▸ THE TASK
In the listing below, how many lines hold "oriented"? Give the number only.
BEGIN
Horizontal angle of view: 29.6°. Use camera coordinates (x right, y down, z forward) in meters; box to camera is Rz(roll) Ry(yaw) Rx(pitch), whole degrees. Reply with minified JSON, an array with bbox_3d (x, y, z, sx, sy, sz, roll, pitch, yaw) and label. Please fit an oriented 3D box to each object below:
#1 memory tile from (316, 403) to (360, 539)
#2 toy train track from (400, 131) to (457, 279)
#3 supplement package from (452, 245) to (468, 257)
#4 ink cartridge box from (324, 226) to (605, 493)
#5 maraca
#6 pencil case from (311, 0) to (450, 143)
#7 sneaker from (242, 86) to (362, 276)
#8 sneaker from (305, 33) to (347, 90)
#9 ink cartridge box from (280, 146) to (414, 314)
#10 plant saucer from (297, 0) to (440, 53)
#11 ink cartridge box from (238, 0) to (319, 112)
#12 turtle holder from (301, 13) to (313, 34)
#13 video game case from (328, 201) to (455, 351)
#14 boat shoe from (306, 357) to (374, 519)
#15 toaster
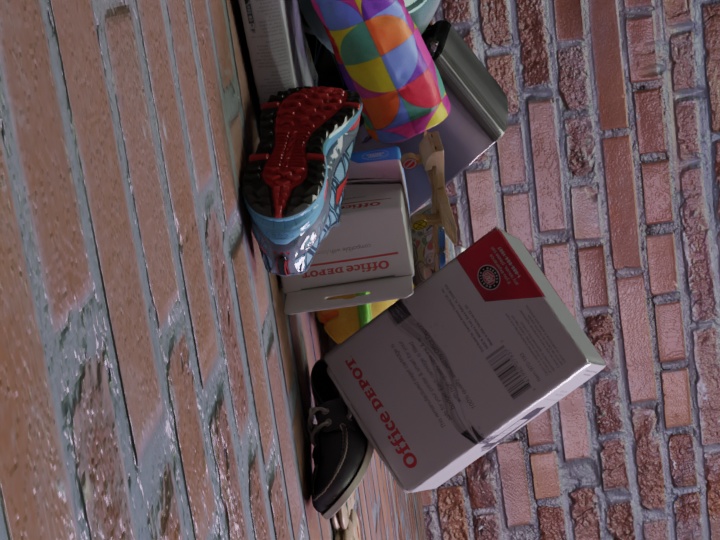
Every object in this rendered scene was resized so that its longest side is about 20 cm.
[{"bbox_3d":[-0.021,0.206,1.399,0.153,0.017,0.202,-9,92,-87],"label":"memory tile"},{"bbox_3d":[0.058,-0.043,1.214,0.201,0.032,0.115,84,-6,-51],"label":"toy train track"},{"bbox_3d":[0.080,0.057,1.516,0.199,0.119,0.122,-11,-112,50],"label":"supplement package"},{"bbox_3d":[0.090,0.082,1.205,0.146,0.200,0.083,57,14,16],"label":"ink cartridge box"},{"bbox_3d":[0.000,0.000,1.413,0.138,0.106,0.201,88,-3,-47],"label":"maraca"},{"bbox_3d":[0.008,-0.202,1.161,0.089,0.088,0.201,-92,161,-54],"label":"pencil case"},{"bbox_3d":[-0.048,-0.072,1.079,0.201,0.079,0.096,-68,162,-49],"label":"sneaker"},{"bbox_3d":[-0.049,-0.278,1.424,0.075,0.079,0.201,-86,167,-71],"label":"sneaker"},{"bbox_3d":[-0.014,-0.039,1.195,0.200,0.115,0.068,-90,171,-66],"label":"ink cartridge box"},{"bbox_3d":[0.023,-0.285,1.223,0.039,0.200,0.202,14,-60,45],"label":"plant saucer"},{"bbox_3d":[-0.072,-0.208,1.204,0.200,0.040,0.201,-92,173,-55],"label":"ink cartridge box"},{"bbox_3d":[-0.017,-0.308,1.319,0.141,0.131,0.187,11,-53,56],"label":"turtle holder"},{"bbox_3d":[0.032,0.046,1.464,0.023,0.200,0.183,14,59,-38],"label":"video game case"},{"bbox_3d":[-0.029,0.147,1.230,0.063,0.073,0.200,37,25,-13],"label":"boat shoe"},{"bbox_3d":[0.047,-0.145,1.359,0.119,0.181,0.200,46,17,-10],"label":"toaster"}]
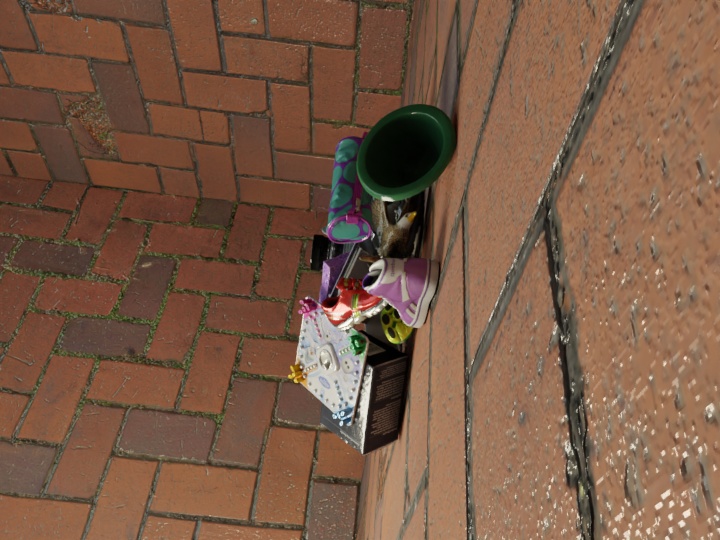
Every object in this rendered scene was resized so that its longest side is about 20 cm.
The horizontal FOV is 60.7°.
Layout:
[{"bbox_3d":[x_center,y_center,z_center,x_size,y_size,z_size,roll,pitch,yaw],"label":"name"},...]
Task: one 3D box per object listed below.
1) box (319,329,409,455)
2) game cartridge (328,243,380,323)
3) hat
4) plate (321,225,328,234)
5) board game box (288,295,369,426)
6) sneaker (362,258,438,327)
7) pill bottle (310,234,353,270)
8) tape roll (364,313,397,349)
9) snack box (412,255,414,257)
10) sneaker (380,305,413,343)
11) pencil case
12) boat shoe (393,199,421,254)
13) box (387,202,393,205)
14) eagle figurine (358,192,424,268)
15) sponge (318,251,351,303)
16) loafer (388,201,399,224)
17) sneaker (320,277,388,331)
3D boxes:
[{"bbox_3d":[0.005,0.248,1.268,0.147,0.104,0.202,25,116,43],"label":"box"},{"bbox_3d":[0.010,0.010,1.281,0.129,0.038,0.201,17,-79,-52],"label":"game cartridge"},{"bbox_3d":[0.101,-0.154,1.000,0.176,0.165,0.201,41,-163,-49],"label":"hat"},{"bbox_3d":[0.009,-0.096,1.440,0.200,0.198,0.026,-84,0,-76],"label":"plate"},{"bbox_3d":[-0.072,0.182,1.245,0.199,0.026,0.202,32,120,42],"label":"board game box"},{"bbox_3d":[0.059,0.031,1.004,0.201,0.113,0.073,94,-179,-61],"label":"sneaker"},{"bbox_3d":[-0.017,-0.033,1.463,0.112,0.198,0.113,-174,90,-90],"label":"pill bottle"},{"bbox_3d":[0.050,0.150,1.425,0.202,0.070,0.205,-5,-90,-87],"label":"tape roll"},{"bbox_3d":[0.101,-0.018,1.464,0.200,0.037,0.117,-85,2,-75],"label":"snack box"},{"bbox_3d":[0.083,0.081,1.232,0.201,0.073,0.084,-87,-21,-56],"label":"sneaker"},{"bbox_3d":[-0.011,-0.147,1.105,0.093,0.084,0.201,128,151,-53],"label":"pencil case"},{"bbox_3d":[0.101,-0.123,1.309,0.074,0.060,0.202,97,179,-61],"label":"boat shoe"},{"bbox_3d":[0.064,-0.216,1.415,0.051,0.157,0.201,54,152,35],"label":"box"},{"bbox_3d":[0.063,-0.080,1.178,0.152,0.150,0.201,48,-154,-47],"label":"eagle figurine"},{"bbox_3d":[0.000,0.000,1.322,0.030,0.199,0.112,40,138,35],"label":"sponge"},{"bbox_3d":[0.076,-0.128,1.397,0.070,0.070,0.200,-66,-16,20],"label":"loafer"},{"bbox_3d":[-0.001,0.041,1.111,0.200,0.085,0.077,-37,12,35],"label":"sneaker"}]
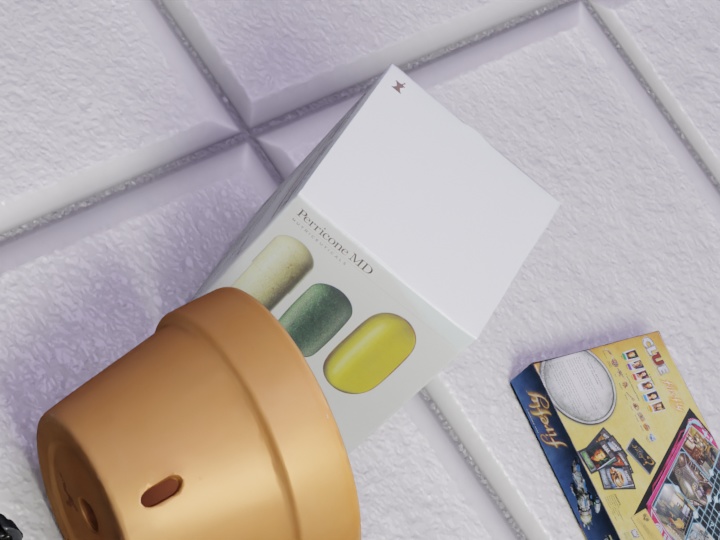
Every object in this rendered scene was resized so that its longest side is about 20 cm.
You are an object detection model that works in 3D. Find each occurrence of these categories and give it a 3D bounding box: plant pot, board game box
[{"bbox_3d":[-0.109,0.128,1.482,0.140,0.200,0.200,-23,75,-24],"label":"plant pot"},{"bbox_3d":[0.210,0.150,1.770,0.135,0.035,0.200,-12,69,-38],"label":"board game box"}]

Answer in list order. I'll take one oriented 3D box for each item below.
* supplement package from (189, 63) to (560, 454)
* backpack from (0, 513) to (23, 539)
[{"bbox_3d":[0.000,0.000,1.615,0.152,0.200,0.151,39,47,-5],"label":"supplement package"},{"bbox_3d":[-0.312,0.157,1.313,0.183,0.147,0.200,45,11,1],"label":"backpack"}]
END
BEGIN
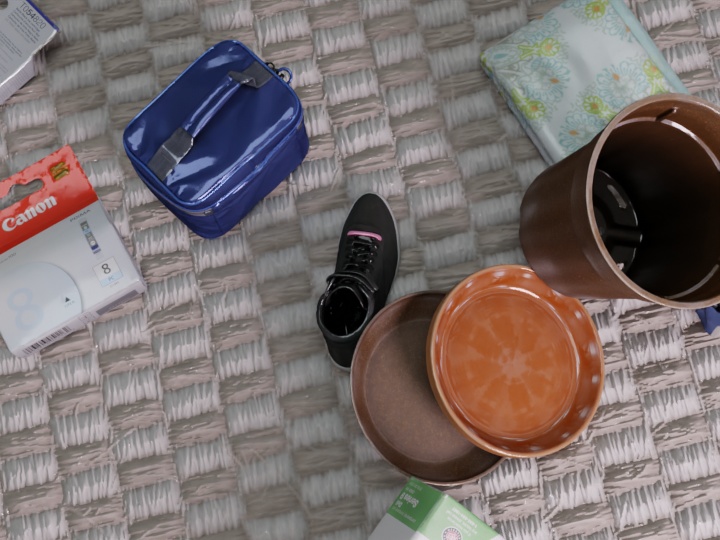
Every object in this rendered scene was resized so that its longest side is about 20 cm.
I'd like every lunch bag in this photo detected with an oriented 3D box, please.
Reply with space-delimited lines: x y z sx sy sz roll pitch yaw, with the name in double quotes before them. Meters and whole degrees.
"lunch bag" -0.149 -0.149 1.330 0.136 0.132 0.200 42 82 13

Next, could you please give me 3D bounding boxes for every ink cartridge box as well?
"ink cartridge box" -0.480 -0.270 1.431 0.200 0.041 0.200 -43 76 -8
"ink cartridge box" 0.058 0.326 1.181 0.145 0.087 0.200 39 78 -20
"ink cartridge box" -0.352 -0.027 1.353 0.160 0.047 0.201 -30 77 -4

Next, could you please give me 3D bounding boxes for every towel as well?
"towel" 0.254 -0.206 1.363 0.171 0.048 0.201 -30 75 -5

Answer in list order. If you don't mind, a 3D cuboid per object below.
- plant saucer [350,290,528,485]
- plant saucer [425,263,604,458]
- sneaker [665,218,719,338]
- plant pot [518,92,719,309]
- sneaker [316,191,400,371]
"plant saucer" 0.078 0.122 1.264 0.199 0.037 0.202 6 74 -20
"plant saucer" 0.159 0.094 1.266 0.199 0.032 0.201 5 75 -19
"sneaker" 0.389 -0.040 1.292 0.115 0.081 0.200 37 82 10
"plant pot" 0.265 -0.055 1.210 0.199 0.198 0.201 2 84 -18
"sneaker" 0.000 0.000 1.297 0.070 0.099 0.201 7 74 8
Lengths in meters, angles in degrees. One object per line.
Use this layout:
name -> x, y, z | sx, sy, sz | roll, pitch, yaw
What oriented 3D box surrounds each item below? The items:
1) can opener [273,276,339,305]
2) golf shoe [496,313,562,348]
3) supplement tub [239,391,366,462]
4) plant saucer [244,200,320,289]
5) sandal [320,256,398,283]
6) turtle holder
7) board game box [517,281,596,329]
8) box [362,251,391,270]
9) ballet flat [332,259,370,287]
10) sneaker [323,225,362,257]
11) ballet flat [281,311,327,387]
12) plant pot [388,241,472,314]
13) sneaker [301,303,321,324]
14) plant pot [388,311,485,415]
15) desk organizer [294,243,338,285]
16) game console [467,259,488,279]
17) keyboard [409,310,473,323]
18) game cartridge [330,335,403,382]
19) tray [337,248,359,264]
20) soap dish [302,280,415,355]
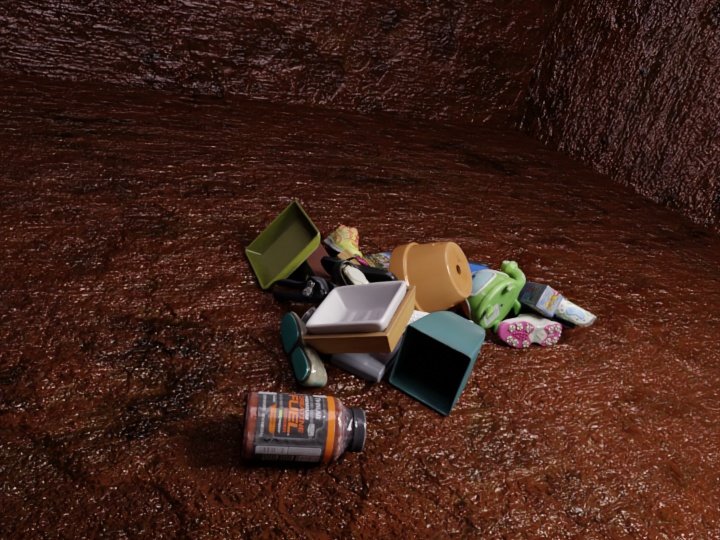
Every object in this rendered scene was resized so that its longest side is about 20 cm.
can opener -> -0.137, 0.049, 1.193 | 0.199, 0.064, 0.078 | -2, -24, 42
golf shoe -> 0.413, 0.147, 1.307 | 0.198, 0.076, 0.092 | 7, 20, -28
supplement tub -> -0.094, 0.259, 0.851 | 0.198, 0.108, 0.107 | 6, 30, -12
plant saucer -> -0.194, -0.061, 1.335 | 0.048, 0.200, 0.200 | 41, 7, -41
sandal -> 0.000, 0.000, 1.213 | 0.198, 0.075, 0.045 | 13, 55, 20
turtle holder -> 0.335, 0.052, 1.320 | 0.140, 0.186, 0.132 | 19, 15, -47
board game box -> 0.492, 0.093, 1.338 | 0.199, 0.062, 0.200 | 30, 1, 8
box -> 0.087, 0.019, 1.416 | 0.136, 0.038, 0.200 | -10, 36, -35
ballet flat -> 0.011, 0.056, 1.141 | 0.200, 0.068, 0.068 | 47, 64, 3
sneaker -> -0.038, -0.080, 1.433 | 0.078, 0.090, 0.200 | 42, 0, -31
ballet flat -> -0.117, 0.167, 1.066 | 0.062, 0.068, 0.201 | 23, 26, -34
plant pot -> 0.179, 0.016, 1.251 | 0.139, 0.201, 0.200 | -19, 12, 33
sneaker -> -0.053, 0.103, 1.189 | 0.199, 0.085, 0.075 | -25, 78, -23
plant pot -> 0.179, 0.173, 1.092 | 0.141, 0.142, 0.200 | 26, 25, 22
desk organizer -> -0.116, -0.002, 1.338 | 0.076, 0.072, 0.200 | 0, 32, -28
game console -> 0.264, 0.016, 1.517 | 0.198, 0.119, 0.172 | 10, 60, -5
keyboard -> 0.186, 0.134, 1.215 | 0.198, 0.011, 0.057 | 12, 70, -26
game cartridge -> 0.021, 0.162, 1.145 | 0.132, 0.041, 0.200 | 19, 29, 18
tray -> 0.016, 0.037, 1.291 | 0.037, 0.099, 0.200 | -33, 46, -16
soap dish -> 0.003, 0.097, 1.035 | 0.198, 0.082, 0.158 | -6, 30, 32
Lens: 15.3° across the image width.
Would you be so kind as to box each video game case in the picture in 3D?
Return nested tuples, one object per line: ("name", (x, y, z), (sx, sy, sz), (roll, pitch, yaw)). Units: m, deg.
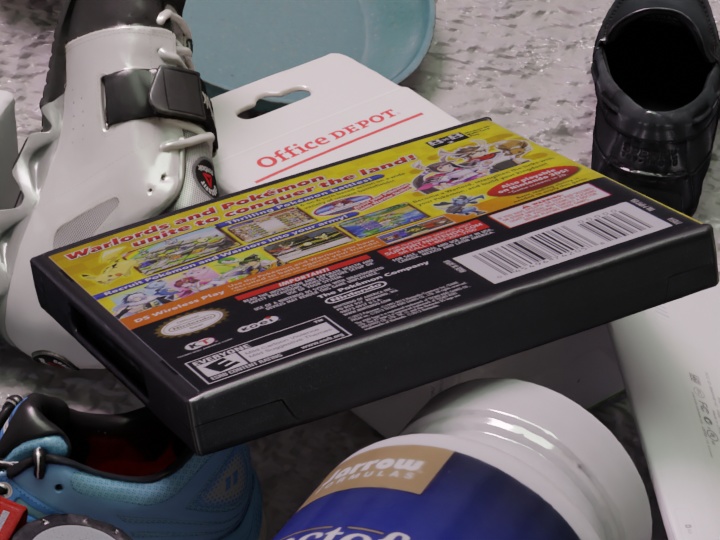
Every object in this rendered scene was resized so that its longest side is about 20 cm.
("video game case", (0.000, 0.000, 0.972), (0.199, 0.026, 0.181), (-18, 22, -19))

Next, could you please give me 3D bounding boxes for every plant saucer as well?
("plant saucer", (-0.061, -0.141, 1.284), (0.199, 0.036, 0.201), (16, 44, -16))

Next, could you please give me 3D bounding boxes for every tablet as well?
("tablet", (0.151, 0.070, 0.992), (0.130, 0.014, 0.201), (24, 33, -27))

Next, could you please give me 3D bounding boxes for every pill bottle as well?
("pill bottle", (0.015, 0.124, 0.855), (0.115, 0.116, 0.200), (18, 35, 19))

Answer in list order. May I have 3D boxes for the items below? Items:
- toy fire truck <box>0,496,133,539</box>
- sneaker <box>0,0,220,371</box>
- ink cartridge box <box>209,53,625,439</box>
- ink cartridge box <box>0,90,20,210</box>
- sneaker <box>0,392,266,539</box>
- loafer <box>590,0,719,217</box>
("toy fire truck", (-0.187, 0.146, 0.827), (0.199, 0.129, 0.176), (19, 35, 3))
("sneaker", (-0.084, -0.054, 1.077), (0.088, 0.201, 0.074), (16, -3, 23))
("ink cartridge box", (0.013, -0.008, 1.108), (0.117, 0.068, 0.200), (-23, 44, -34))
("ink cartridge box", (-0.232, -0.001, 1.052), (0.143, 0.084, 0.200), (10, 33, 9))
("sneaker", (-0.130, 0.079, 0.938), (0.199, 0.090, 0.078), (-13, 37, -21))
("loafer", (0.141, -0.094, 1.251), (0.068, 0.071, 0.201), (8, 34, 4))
END
BEGIN
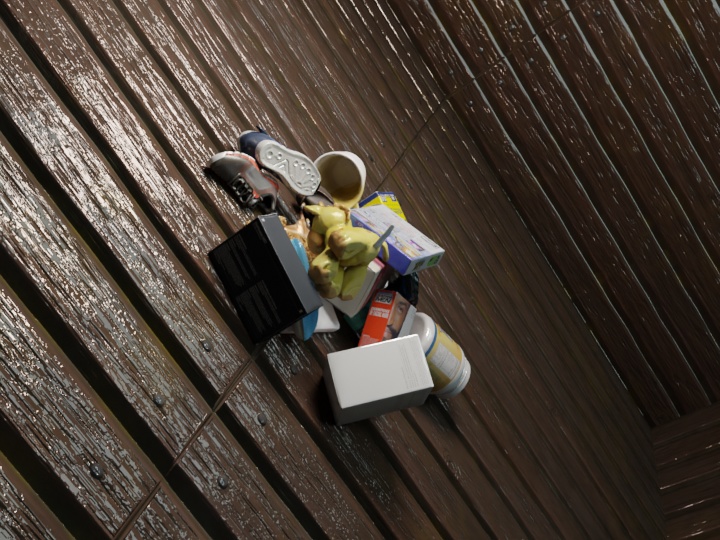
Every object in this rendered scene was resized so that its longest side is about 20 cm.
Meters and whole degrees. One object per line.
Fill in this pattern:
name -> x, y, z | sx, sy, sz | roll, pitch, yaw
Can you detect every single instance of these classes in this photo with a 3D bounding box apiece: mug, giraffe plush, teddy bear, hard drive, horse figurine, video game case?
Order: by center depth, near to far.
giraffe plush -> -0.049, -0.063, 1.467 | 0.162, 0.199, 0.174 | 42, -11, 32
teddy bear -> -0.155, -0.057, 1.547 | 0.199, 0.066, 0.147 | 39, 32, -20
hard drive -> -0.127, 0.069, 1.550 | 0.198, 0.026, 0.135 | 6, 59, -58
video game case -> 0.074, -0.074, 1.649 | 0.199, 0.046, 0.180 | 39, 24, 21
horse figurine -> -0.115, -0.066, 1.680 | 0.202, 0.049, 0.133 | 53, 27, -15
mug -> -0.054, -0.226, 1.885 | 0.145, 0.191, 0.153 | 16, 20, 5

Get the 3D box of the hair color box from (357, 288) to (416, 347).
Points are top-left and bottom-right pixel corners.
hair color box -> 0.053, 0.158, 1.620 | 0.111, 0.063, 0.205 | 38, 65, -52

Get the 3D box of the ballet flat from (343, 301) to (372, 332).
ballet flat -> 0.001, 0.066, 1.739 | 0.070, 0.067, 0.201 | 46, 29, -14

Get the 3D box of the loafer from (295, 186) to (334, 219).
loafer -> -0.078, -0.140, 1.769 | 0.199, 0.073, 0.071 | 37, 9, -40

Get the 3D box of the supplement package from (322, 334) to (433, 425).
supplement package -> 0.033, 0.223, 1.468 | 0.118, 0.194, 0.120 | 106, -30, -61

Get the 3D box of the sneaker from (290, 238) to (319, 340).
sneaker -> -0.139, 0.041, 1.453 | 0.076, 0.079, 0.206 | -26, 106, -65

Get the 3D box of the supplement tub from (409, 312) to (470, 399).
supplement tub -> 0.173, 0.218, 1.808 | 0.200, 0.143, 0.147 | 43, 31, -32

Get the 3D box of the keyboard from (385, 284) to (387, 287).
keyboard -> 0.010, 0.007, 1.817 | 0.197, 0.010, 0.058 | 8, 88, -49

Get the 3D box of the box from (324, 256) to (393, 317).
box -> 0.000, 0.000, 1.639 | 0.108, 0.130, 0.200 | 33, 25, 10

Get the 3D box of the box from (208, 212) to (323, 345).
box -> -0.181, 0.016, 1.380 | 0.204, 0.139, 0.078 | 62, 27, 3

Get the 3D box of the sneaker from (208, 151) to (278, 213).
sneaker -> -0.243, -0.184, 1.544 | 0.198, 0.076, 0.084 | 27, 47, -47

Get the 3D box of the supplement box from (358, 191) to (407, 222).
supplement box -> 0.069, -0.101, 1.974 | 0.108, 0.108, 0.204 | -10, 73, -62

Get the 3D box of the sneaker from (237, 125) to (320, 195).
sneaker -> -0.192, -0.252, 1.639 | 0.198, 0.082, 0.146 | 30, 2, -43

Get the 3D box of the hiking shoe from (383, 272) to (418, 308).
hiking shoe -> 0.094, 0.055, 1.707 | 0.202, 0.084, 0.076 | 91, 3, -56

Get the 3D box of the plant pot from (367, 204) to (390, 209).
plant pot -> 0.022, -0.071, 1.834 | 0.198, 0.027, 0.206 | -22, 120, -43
END
▸ RESULT FOR THIS TASK
4